RFC: Rate limiting for MCP servers (#57)

jerm-dro · claude · web-flow · commit b664fb4f5ca6 · 2026-04-01T08:58:07.000-07:00
* RFC: Rate limiting for MCP servers Co-Authored-By: Claude Opus 4.6 <noreply@anthropic.com> * Rename RFC to THV-0057 to match PR number Co-Authored-By: Claude Opus 4.6 <noreply@anthropic.com> * Fix author GitHub handle to @jerm-dro Co-Authored-By: Claude Opus 4.6 <noreply@anthropic.com> * RFC updates: clarify summary, add agent exfiltration risk, wording fixes Co-Authored-By: Claude Opus 4.6 <noreply@anthropic.com> * Address review feedback: token bucket algorithm, scope, terminology - Adopt token bucket algorithm per Ozz's review (replaces vague windowing section) - Document burst behavior, Redis key structure, and precise Retry-After - Clarify scope is Kubernetes-based deployments (Derek's question) - Replace "operators" with "administrators" throughout (Derek's question) Co-Authored-By: Claude Opus 4.6 <noreply@anthropic.com> * Clarify scope formatting, remove vMCP non-goal, document lazy refill Co-Authored-By: Claude Opus 4.6 <noreply@anthropic.com> * Address review feedback from yrobla and JAORMX - Define request unit (tools/call, prompts/get, resources/read only) - Rename requestsPerWindow/windowSeconds to capacity/refillPeriodSeconds - Clarify vMCP perUser limits are per ingress identity across all backends - Add missing global per-operation and per-user per-operation Redis key patterns - Document Retry-After as best-effort lower bound - Resolve Redis unavailability: fail open with structured log + metric - Add Security Considerations section with threat model - Add Alternatives Considered section (sliding window vs token bucket) Co-Authored-By: Claude Opus 4.6 (1M context) <noreply@anthropic.com> --------- Co-authored-by: Claude Opus 4.6 <noreply@anthropic.com>
diff --git a/rfcs/THV-0057-rate-limiting.md b/rfcs/THV-0057-rate-limiting.md
@@ -0,0 +1,246 @@
+# RFC-0057: Rate Limiting for MCP Servers
+
+- **Status**: Draft
+- **Author(s)**: Jeremy Drouillard (@jerm-dro)

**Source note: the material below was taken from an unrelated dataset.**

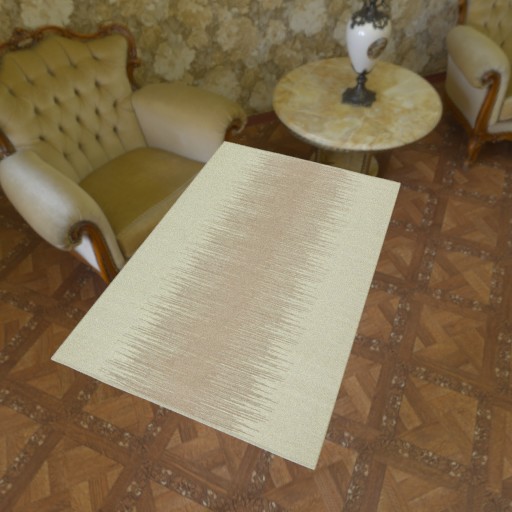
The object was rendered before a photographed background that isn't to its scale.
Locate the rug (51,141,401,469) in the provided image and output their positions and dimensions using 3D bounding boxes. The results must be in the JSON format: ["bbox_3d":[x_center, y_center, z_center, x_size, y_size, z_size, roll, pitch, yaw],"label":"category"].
[{"bbox_3d":[0.000,0.000,2.398,1.234,0.006,1.850,17,50,15],"label":"rug"}]

+- **Created**: 2026-03-18
+- **Last Updated**: 2026-03-19
+- **Target Repository**: toolhive
+- **Related Issues**: None
+
+## Summary
+
+Enable rate limiting for `MCPServer` and `VirtualMCPServer`, supporting per-user and global limits at both the server and individual operation level. Rate limits are configured declaratively on the resource spec and enforced by a new middleware in the middleware chain, with Redis as the shared counter backend.
+
+## Problem Statement
+
+ToolHive currently has no mechanism to limit the rate of requests flowing through its proxy layer. This creates several risks for administrators:
+
+1. **Noisy-neighbor problem**: A single authenticated user can consume unbounded resources, degrading the experience for all other users of a shared MCP server.

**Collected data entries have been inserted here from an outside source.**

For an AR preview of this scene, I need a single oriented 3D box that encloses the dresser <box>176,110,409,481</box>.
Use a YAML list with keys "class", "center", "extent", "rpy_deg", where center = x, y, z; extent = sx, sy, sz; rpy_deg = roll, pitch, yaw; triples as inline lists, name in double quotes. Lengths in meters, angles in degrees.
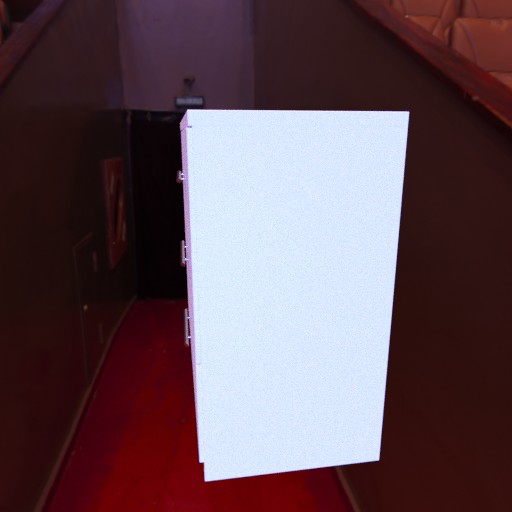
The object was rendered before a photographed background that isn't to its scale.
- class: "dresser"
  center: [0.000, 0.000, 1.252]
  extent: [0.420, 0.740, 0.830]
  rpy_deg: [-2, 15, -9]

+2. **Downstream overload**: Aggregate traffic spikes — even when no single user is misbehaving — can overwhelm the upstream MCP server or the external services it depends on (APIs with their own rate limits, databases, etc.).
+3. **Agent data exfiltration**: AI agents can invoke tools in tight loops to export large volumes of data. Without per-tool or per-user limits, there is no mechanism to cap this behavior.
+
+These risks grow as ToolHive deployments move to shared, multi-user Kubernetes environments. Without rate limiting, cluster administrators have no knob to turn between "fully open" and "take the server offline."
+
+**Scope**: This RFC targets Kubernetes-based deployments of ToolHive.
+
+## Goals
+
+- Allow administrators to configure **per-user** rate limits so that no single user can monopolize a server.

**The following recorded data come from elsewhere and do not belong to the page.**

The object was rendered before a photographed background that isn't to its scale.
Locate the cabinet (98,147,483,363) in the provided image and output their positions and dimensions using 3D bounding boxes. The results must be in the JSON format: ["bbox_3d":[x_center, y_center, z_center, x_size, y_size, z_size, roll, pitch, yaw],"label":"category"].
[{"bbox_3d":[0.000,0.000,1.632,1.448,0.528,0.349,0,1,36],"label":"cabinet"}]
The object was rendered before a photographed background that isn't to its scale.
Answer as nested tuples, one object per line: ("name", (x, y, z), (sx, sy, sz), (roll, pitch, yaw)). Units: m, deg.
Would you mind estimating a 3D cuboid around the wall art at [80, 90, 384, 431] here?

+- Allow administrators to configure **global** rate limits so that total throughput stays within safe bounds for downstream services.
+- Allow administrators to configure rate limits **per tool**, **per prompt**, or **per resource**, so that expensive or externally-constrained operations can have tighter limits than the server default.
+- Provide a consistent configuration experience across `MCPServer` and `VirtualMCPServer` resources.
+- Enforce rate limits in the existing proxy middleware chain with minimal latency overhead.
+- Support correct enforcement across multiple replicas using Redis as the shared counter backend.
+
+## Non-Goals
+
+- **Adaptive / auto-tuning rate limits**: Automatically adjusting limits based on observed load or downstream health signals. Limits are static and administrator-configured.
+- **Cost or billing integration**: Tracking usage for billing purposes. This is purely a protective mechanism.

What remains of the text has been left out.